I believe in evil. I wish I could begin this essay with a joyous and optimistic statement; perhaps declare something about puppies, cookies, or loving-kindness. You know, something that when read fully warms the human heart of its reader. This, I’m afraid to say, is simply a fantasy, conjured in some Freudian sense so that I might bear to listen to perhaps one more very sad tale, for I am a therapist.
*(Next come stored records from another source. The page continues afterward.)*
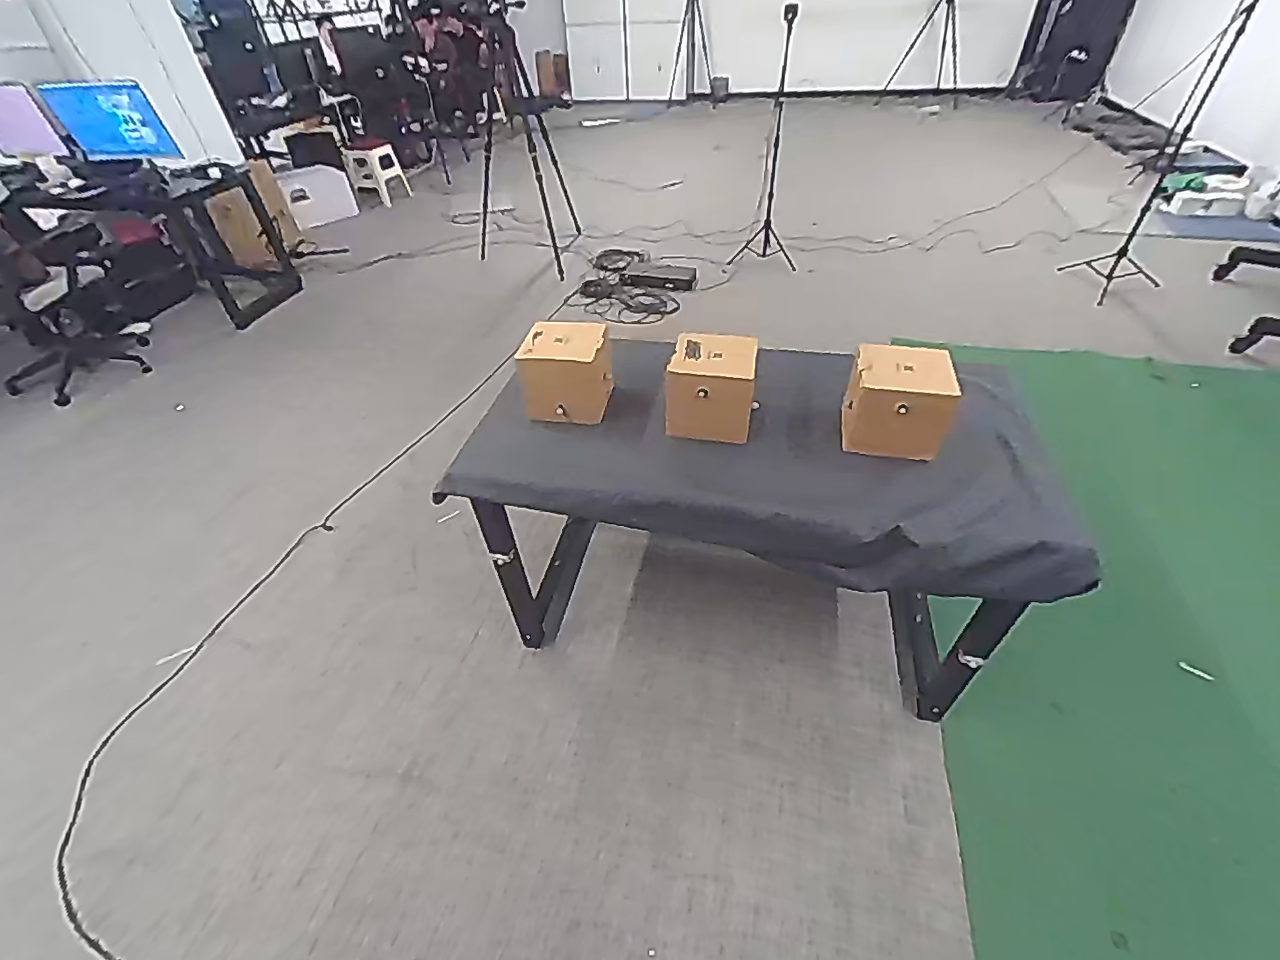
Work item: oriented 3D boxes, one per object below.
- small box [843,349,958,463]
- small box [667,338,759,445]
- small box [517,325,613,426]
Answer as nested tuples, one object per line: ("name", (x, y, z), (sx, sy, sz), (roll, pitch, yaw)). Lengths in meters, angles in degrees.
("small box", (0.527, -0.153, 1.123), (0.179, 0.176, 0.168), (8, 45, 11))
("small box", (0.160, -0.194, 1.188), (0.179, 0.176, 0.168), (7, 44, 10))
("small box", (-0.164, -0.241, 1.258), (0.179, 0.176, 0.168), (5, 43, 8))
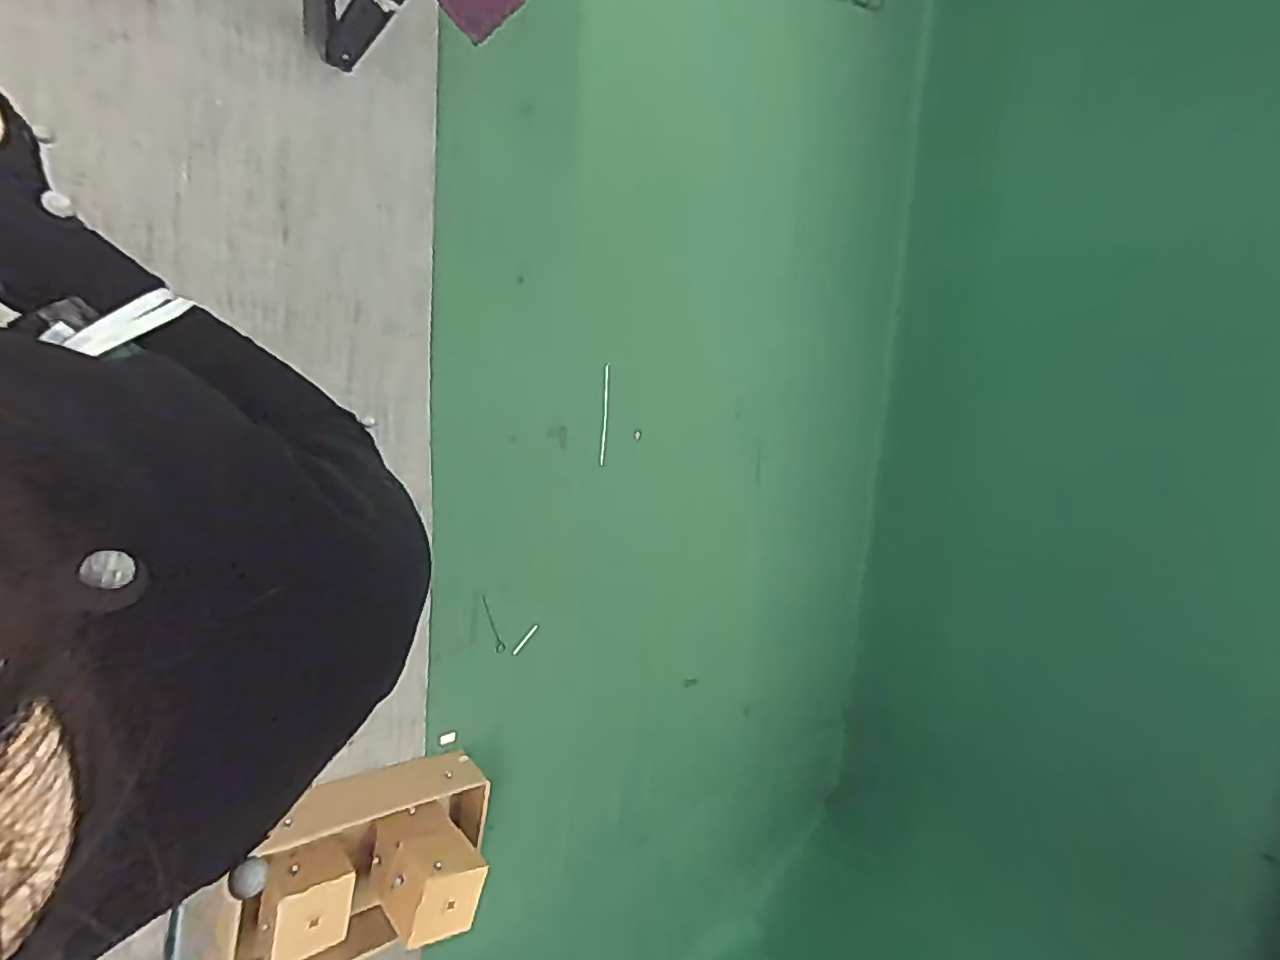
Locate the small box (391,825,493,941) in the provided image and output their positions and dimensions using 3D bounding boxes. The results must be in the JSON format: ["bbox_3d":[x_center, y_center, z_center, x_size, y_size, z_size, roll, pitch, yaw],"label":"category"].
[{"bbox_3d":[-0.523,1.045,1.423,0.179,0.176,0.168,21,83,-42],"label":"small box"}]

And not just any old therapist with the couch, the yellow legal pad, and the “How does that make you feel” uttered once every 90 seconds. I work kids. Yes, I too as an innocent and Pollyannaish undergraduate pompously announced to anyone who would listen, “I want to make a difference…I want to work with kids.” But these aren’t your ordinary kids.
Imagine for a second, if you will, sitting in front of a damaged pintsized being hour after hour, day after day, hearing the stories most people choose to pretend don’t exist and shove under a tightly-locked unconscious. Imagine hearing the stories of abuse, neglect, and even worse, the stories of broken hearts. They don’t prepare you for that in grad school.
In my young and innocent days of wanting to save the world, perhaps I could have begun this essay with something about cookies, or about believing Louis Armstrong when he harmoniously attests, “What a wonderful world.” But now, after vicariously living the countless heart-wrenching and vexatious tragedies with the most innocent of creatures, most days all I can say is, “There truly is evil in this world.”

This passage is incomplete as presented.